ONE SEASON ENDS, ANOTHER BEGINS: Although the 2003/2004 Toyota-Pandenet European Go Tour just finished in Paris, before players in Europe had a chance to catch their breath, the 2004/2005 season began. This year the first stop on the tour was the 16th Lado Omejc Memorial held on April 23rd-25th in tourist center, Bled, Slovenia. The Memorial was sponsored by the Go Association of Slovenia in cooperation with the Go Club Kranj. Tournament results were not available at presstime. The 2004/2005 Toyota-Pandenet European Go Tour has 11 more stops including Amsterdam and Hamburg in May, Bucharest and Belgrade in October, and finishing up with London (December), Velden, Austria (March 2005), and the final in Paris over Easter weekend. For more information about the Tour, go to http://www.europe an-go.org/toyotatour
SHIU WINS FIRST DURHAM GO TOURNAMENT: As quoted from http://www.britgo org: “38 players attended the first Durham Go Tournament (April 17th and 18th), which was held to celebrate 10 years of Durham Go Club. Appropriately, the club‘s founder Simon Shiu (4 dan Bristol) was the winner, with 6/6. Second was Gang Xiong (2 dan Durham) with 4/6. Also on four wins were Alan Thornton (2 dan St Albans), Paul Taylor (1 dan Cambridge), Daniel Gilder (3 dan Manchester), William Brooks (1 kyu Cambridge), Claas Roever (3 kyu Dublin), Chris Morris (6 kyu Durham), Celia Marshall (11 kyu Isle of Man), Russell Haswell (15 kyu Newcastle) and James Liu (21 kyu Durham). The 13x13 tournament was won by Peter Nuttall (19 kyu Durham) with 4 wins, on a tie break from William Brooks. The lightning tournament was won by Matthew Holton (2 dan Teesside) with 3 wins. Durham Go Club also took the opportunity to publicly express their gratitude for a bequest of Go equipment and books they received earlier this year after the sad death of Brian Wilson, a keen local go player.”
OTHER WORLD GO NEWS IN BRIEF
(compiled from various sources)
- China: 17th Mingren - 12-year old 5d amateur, Wu Shuhao, qualified for preliminary tournament via the internet, defeated Zhou Bo 5p, Liu Jing 8p, and Wang Yao 5p, and is now in the 2nd round of the final knockout tournament (gobase.org).
- Japan: 43rd Judan-sen (challenger‘s league) - Women‘s Honinbo Kobayashi Izumi 6p defeats Michael Redmond 9p in first round of the 3rd Preliminary tournament.

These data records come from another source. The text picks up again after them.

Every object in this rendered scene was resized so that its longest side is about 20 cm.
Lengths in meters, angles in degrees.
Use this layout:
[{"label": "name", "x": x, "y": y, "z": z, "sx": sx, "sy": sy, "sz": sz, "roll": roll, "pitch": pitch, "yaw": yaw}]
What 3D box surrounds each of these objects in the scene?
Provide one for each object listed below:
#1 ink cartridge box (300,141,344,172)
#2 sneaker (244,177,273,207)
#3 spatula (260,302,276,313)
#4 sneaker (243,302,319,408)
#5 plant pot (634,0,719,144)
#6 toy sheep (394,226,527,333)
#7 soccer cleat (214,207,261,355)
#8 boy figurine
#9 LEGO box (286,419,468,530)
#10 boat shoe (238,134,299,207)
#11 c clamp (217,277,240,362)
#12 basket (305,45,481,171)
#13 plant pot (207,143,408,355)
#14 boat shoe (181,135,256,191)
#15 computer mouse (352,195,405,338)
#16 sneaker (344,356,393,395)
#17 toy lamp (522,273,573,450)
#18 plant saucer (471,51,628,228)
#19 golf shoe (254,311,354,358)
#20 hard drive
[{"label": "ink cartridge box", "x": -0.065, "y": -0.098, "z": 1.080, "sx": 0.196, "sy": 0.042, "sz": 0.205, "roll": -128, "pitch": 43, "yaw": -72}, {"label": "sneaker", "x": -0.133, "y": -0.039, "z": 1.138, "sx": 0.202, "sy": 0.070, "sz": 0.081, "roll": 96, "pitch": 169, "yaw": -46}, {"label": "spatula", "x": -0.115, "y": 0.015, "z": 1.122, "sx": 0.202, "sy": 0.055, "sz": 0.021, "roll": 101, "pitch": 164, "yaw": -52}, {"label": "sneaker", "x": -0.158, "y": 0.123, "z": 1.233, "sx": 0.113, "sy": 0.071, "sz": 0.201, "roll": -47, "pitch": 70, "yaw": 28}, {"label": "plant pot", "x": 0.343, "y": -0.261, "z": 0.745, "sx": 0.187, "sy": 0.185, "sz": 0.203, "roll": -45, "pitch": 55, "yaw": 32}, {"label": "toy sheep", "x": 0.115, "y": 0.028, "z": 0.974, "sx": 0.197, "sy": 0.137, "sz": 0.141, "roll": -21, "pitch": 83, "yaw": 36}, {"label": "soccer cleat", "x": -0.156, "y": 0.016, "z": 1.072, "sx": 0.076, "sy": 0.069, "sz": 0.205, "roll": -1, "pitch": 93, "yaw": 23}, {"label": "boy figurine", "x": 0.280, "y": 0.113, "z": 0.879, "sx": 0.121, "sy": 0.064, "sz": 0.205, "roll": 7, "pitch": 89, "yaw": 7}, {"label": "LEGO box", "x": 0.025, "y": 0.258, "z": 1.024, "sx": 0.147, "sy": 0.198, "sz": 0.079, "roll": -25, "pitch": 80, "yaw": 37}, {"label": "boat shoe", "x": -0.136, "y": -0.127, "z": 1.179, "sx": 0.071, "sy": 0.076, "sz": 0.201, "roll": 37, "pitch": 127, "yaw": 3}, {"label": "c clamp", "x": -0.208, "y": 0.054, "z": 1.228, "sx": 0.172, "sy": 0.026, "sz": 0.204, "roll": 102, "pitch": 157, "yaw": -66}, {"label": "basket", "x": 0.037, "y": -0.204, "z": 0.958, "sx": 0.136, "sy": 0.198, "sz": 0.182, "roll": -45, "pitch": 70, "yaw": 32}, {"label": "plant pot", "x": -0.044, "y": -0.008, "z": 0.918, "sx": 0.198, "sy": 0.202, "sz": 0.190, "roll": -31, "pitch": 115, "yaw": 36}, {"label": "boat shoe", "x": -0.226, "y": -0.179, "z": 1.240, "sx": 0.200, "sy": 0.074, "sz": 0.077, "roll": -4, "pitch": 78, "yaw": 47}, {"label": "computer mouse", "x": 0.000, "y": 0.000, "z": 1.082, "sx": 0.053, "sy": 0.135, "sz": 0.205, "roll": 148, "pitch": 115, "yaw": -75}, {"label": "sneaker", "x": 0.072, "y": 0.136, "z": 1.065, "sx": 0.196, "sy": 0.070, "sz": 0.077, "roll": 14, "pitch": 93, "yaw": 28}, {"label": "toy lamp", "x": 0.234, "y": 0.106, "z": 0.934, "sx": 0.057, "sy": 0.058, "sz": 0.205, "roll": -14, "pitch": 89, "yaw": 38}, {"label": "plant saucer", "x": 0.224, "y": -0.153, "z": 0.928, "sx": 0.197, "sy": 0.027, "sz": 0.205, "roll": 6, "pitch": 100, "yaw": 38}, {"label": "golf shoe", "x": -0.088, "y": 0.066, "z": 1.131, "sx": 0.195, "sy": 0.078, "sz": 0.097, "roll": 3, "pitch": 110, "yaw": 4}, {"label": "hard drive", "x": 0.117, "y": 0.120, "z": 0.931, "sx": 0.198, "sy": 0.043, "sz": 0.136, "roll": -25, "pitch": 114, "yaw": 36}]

- Scottland: 2004 Scottish Open - Scheduled for July 10th and 11th at the University of Edinburg.
- International: 2nd Toyota and Denso Cup - World Go OZA - Players advance in the Japanese preliminary including Yuhki Satoshi 9p, Sakai Hideyuki 6p, and Awaji Shuzo 9p.
- Korea: 23rd KBS Cup - Cho Hanseung 7p and Cho Hunhyun 9p join Ch‘oe Ch‘eol-han 8p as winners in the third round.
- Korea: 4th Pro Senior - Kim Il-hwan 9p ties best-of-three with Jang Sooyoung 9p at 1:1.
- Korea: 14th BC Card Cup (New Star) - An Cho-yeong 8p evens the score in the title match against 17 year old challenger Lee YeongKu 3p. Ch‘oe Ch‘eol-han 8p was eliminated in the first round by Yun Junsang 2p.
GAME COMMENTARY: Female Meijins, An Opening Problem And A Quiz
Today‘s game commentary is from the second game from the 16th Japanese Female Meijin title match, featuring Inori Yoko, 4p against Kobayashi Izumi, 5p. Kobayashi wins by resignation in just 96 moves and holds on to her title. This commentary comes from the http://www.go4go. net site, a subscription service for games commented by Alexandre Dinerchtein 1p.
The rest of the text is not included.